Plus, I always get confused that... the presumption that analyzing sales estimate charts is a fan behavior, first and foremost, whereas... do retailers not care about sales estimates? Maybe they don't. I don't know anything about retailing, but... being able to evaluate demand not just in my store but nationwide seems like something I'd want to do every once in a while if I sold things. Anyways, Tom already thoroughly covered how fan interest in sales is only inconvenient when publishers and creators themselves aren't throwing parades for "books selling-out" or other marketing froo-hah. So.
So I'm probably repeating stuff everyone else has already said and wasting time. Oh well. In conclusion, the only comic I like is the Flash. He runs fast, which is pretty cool, and there are drawings of him running fast, that have a lot of lines in them.
Posted by: Abhay | 2011.11.30 at 21:10
The thing about it being useful to retailers is that it really only would be if a retailer was a complete moron and/or totally unaware of what his or her customers were buying for a nearly 3 month period. Nobody waits on the Beat's write-ups to find out which Image books are a hit and which aren't, or whether or not people are sticking with the latest iteration of Superman. That's information they get on the day to day without even attempting to seek it out. And even if they don't--if there really is some fantasy retailer who is so closed off that they have no idea which comics their customers are buying from them, retailers who forgot the titles of what they sell the minute after they sold a copy of them...that person isn't going to change what they do because of what the numbers for pre-orders might have been 3 months ago at other stores. Incompetence doesn't start at one end and then disappear just in time to prove the part of an argument that people want it to prove, and if our made-up retailer idiot is so dumb he can't figure out how many copies of Superman he's been selling, he's also too dumb to look at sales numbers and say "Hey, maybe I should order less Black Panther comics". Stupid is an all the time job, you don't clock in.

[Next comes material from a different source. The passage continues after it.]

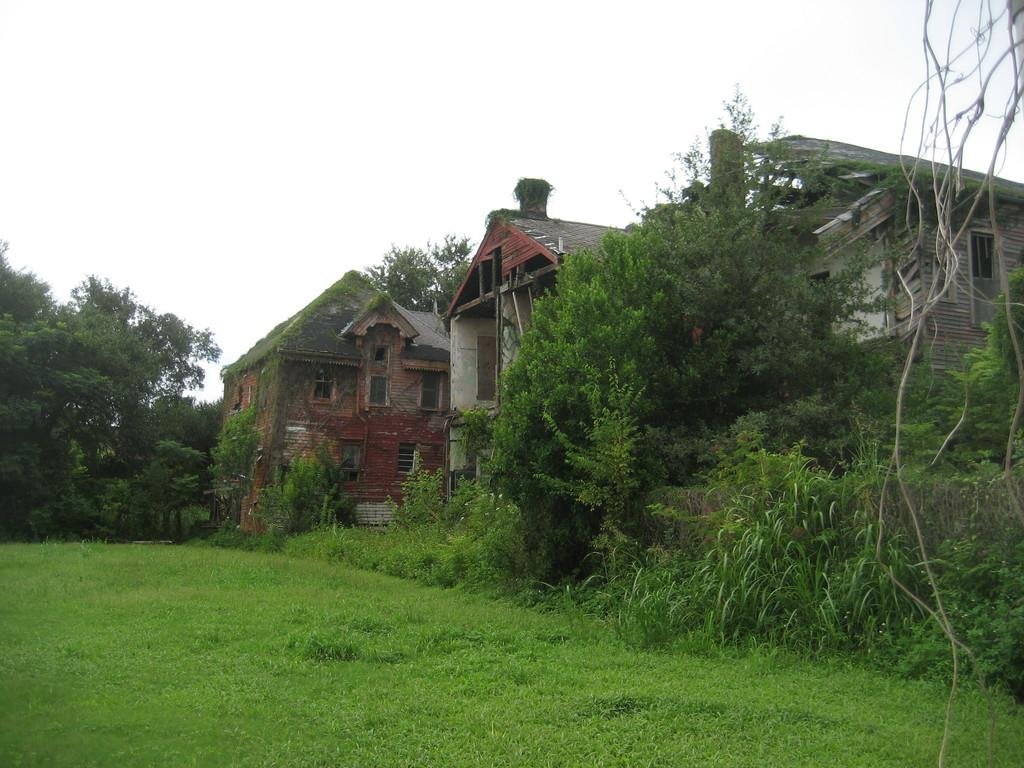What type of vegetation is present in the image? There is grass in the image. What other natural elements can be seen in the image? There are trees in the image. What man-made structures are visible in the image? There are buildings in the image. Can you see any donkeys grazing in the grass in the image? There is no donkey present in the image. How many ducks are swimming in the pond near the trees in the image? There is no pond or ducks present in the image. 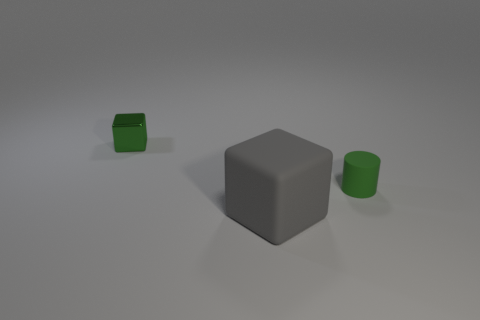Are there more tiny matte things behind the gray matte cube than small metal objects that are in front of the green cylinder? Upon reviewing the image, it appears that there are no small metal objects in front of the green cylinder whatsoever. Therefore, even though we have just one tiny matte green cube behind the gray matte cube, the answer is yes — there are indeed more tiny matte things behind the gray matte cube than small metal objects in front of the green cylinder, as the latter count is zero.

And on the rest of what you're saying--yes, totally. The only buying team left in the Big Two with any vocal power is the continuity people--that's who has been catered to, that's who the books are made to please. Those guys pay the bills for this part of the industry, turning on the Tucker Stone's of the world is a sure-fire way to go flat broke in a hot minute. Those rules weren't made by the consumer. They weren't made by the retailer either. That's all DC and Marvel. Passing the buck anywhere else is a joke.
Posted by: tucker stone | 2011.12.01 at 00:23
This piece just makes me want to never read comics or anything about comics ever again
Posted by: WIKIPEDIA FUN TIMES | 2011.12.04 at 23:44
Man im diggin DD too but that is still entirely too much bitching about cynicism from a guy whose name appears on every issue of Irredeemable.
Like you can be the guy who pitches a fit about the guy getting his socks blown in the big-boys chair, or you can be the guy who serves his wife divorce papers on her sickbed. Nobody gets both.
Posted by: dangermouse | 2011.12.07 at 23:19
Wow, you're from Helen? You're right, that is a fucked-up creepy town. I tried going there for Oktoberfest but the abandoned germanic theme-park vibe seriously creeped me out.
Posted by: futuredracula | 2012.01.01 at 17:40
Helen is like Mountain Dew in that it proves, without exaggeration, that certain things are only tolerable if the participant suffers from a severe crystal meth addiction.